◆ Entries shown ◆
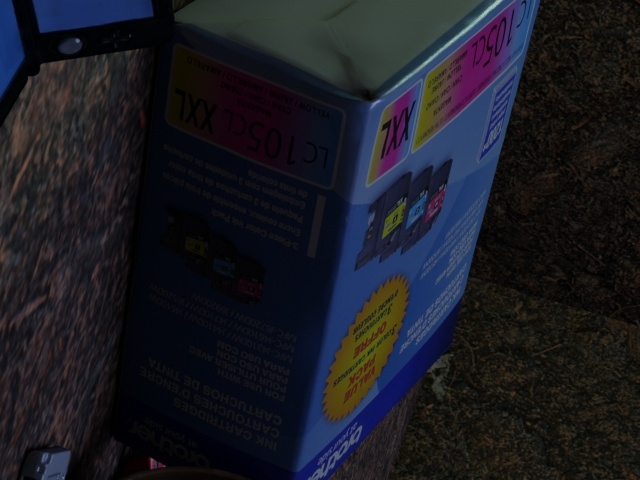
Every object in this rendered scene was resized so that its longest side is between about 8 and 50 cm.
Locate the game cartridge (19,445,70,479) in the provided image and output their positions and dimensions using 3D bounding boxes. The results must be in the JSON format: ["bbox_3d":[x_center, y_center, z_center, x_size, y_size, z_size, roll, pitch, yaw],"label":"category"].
[{"bbox_3d":[-0.168,0.161,1.097,0.056,0.017,0.083,22,85,-78],"label":"game cartridge"}]

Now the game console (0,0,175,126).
[{"bbox_3d":[-0.114,-0.089,0.799,0.122,0.107,0.071,91,-11,-63],"label":"game console"}]

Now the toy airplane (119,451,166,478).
[{"bbox_3d":[-0.133,0.195,1.341,0.151,0.028,0.151,17,90,-80],"label":"toy airplane"}]

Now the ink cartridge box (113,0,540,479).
[{"bbox_3d":[0.000,0.000,1.275,0.270,0.151,0.395,-42,151,-49],"label":"ink cartridge box"}]

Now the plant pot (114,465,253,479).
[{"bbox_3d":[-0.106,0.295,1.224,0.230,0.215,0.215,119,-5,-51],"label":"plant pot"}]
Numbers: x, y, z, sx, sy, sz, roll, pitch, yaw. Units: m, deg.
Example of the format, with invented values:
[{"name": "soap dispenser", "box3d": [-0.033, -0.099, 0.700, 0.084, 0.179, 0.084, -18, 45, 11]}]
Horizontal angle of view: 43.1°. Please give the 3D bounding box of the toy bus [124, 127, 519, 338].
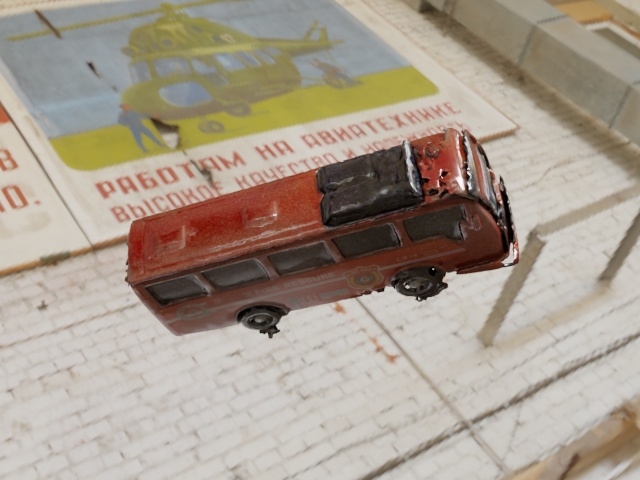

◆ What to do ◆
Could you return all of the entries above exactly, without any images?

◆ Response for this exercise ◆
Every object in this rendered scene was resized so that its longest side is between about 8 and 50 cm.
Locate the game cartridge (19,445,70,479) in the provided image and output their positions and dimensions using 3D bounding boxes. The results must be in the JSON format: ["bbox_3d":[x_center, y_center, z_center, x_size, y_size, z_size, roll, pitch, yaw],"label":"category"].
[{"bbox_3d":[-0.168,0.161,1.097,0.056,0.017,0.083,22,85,-78],"label":"game cartridge"}]

Now the game console (0,0,175,126).
[{"bbox_3d":[-0.114,-0.089,0.799,0.122,0.107,0.071,91,-11,-63],"label":"game console"}]

Now the toy airplane (119,451,166,478).
[{"bbox_3d":[-0.133,0.195,1.341,0.151,0.028,0.151,17,90,-80],"label":"toy airplane"}]

Now the ink cartridge box (113,0,540,479).
[{"bbox_3d":[0.000,0.000,1.275,0.270,0.151,0.395,-42,151,-49],"label":"ink cartridge box"}]

Now the plant pot (114,465,253,479).
[{"bbox_3d":[-0.106,0.295,1.224,0.230,0.215,0.215,119,-5,-51],"label":"plant pot"}]
Numbers: x, y, z, sx, sy, sz, roll, pitch, yaw. Units: m, deg.
Example of the format, with invented values:
[{"name": "soap dispenser", "box3d": [-0.033, -0.099, 0.700, 0.084, 0.179, 0.084, -18, 45, 11]}]
Horizontal angle of view: 43.1°. Please give the 3D bounding box of the toy bus [124, 127, 519, 338].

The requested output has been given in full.